• [Problem statement] Your copy of the data should match it exactly, leaving out only the pictures.

• [Records]
▽

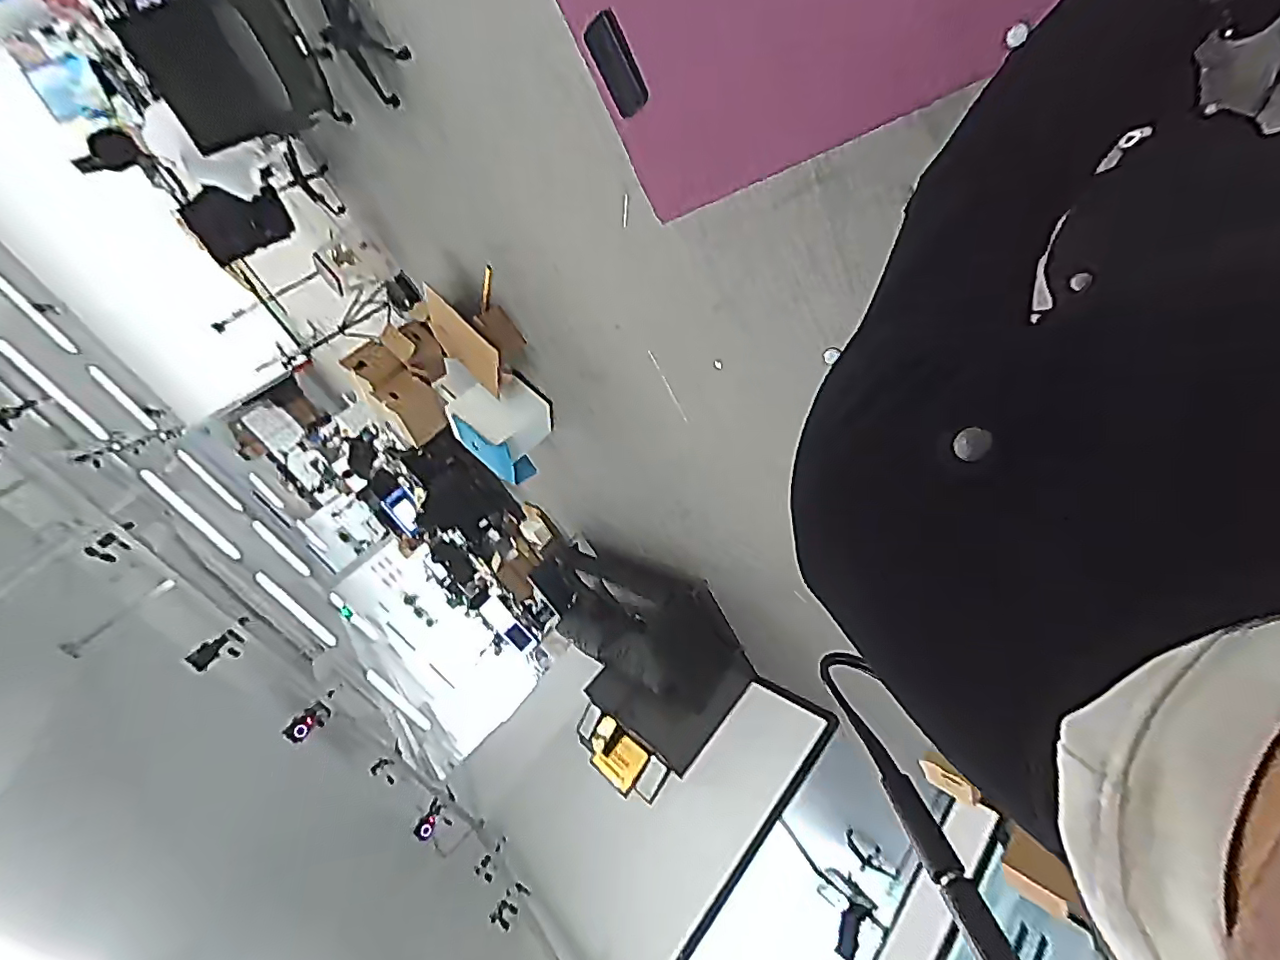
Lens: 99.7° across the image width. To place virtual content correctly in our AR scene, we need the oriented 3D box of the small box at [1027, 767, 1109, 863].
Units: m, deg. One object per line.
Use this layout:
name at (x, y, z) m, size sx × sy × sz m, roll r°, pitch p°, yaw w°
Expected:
small box at (1.355, 1.059, 1.713) m, size 0.168 × 0.176 × 0.179 m, roll 18°, pitch 143°, yaw 48°

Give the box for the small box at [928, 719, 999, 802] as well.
small box at (1.168, 1.003, 1.947) m, size 0.168 × 0.176 × 0.179 m, roll 19°, pitch 144°, yaw 50°

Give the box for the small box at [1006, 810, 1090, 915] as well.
small box at (1.244, 1.161, 1.649) m, size 0.168 × 0.176 × 0.179 m, roll 17°, pitch 143°, yaw 49°

△

• [Expected answer]
Lens: 99.7° across the image width. To place virtual content correctly in our AR scene, we need the oriented 3D box of the small box at [1027, 767, 1109, 863].
Units: m, deg. One object per line.
Use this layout:
name at (x, y, z) m, size sx × sy × sz m, roll r°, pitch p°, yaw w°
Expected:
small box at (1.355, 1.059, 1.713) m, size 0.168 × 0.176 × 0.179 m, roll 18°, pitch 143°, yaw 48°

Give the box for the small box at [928, 719, 999, 802] as well.
small box at (1.168, 1.003, 1.947) m, size 0.168 × 0.176 × 0.179 m, roll 19°, pitch 144°, yaw 50°

Give the box for the small box at [1006, 810, 1090, 915] as well.
small box at (1.244, 1.161, 1.649) m, size 0.168 × 0.176 × 0.179 m, roll 17°, pitch 143°, yaw 49°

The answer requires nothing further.